MBPP: 26.30% → 85.03% acceptance

Pass@1 remains at 53%, so the verifier becomes far more permissive without sacrificing benchmark-level programming performance.

Gemma-3-12B / Gemma-3-4B

CNNDM: 40.39% → 66.90% acceptance

ROUGE-2 moves from 9.06 to 10.86, again suggesting that better verification can improve both efficiency and output quality.

ROUGE versus average time per sample, showing DIVERSED beyond the static ensemble frontier.

Beyond a static trade-off. On CNNDM, DIVERSED moves past the frontier traced by static ensembles, improving the time-quality balance rather than just choosing a different point on it.

Normalized time versus acceptance rate across datasets and model pairs.

Acceptance is strongly tied to latency. Across datasets and model pairs, higher acceptance reliably corresponds to lower normalized decoding time.

Reading the results

The most important practical message is simple: in speculative decoding, acceptance rate is not just a nice intermediate metric. It is tightly coupled to wall-clock performance. DIVERSED works because it targets that bottleneck directly.

Another useful observation from the paper is that task-specific relaxation matters. When the dynamic verifier is trained on one task and tested on another, acceptance may still rise, but quality can drop. That suggests relaxed verification should be learned with the downstream task in mind rather than treated as a universal drop-in policy.

Finally, simply fine-tuning the draft model is not enough. The paper shows that stronger draft-task performance does not reliably translate into better acceptance. What matters most is distributional alignment between draft and target conditionals, and DIVERSED addresses that directly at verification time.

Practical takeaways

Use DIVERSED when verification is your bottleneck

If your draft model is already reasonably good but rigid verification still rejects too many tokens, dynamic relaxation is an attractive next step.

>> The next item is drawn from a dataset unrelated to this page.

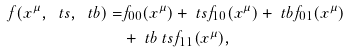Convert formula to latex. <formula><loc_0><loc_0><loc_500><loc_500>f ( x ^ { \mu } , \ t s , \ t b ) = & f _ { 0 0 } ( x ^ { \mu } ) + \ t s f _ { 1 0 } ( x ^ { \mu } ) + \ t b f _ { 0 1 } ( x ^ { \mu } ) \\ & + \ t b \ t s f _ { 1 1 } ( x ^ { \mu } ) ,</formula>

Static ensemble is a strong baseline

The theory makes static ensemble more than a heuristic. It is a principled, training-free knob for moving along the speed-quality frontier.

Train the verifier for the task you care about

Summarization, reasoning, and code generation reward different kinds of risk. The learned verifier should reflect that rather than using one universal relaxation policy.

Citation

If this project is useful in your work, please cite the paper.

@inproceedings{wang2026diversed,
  title={DIVERSED: Relaxed Speculative Decoding via Dynamic Ensemble Verification},
  author={Wang, Ziyi and Kasa, Siva Rajesh and M S, Ankith and Kasa, Santhosh Kumar and Zou, Jiaru and Negi, Sumit and Zhang, Ruqi and Jiang, Nan and Song, Qifan},
  booktitle={Proceedings of The 29th International Conference on Artificial Intelligence and Statistics},
  year={2026}
}

Why this matters for the industry

LLM inference is the single largest cost center for every model provider. Speculative decoding is already deployed in production at Google (AI Overviews) and is standard in open-source serving stacks like vLLM and SGLang. Yet every deployment today faces the same constraint: verification is all-or-nothing. You either match the target distribution exactly, or you don't.

DIVERSED removes that binary. It gives providers a principled, learned mechanism to offer continuous quality-latency trade-offs from a single model pair. For API providers, this opens the door to usage-based pricing that tracks actual quality delivered per token, not just which model was called. For on-device inference, it means one deployment that adapts its fidelity to the task at hand.

The code is open-source and works with standard HuggingFace model pairs. The ensemble head adds negligible overhead. If you serve LLMs at scale, this is a drop-in upgrade to your speculative decoding pipeline.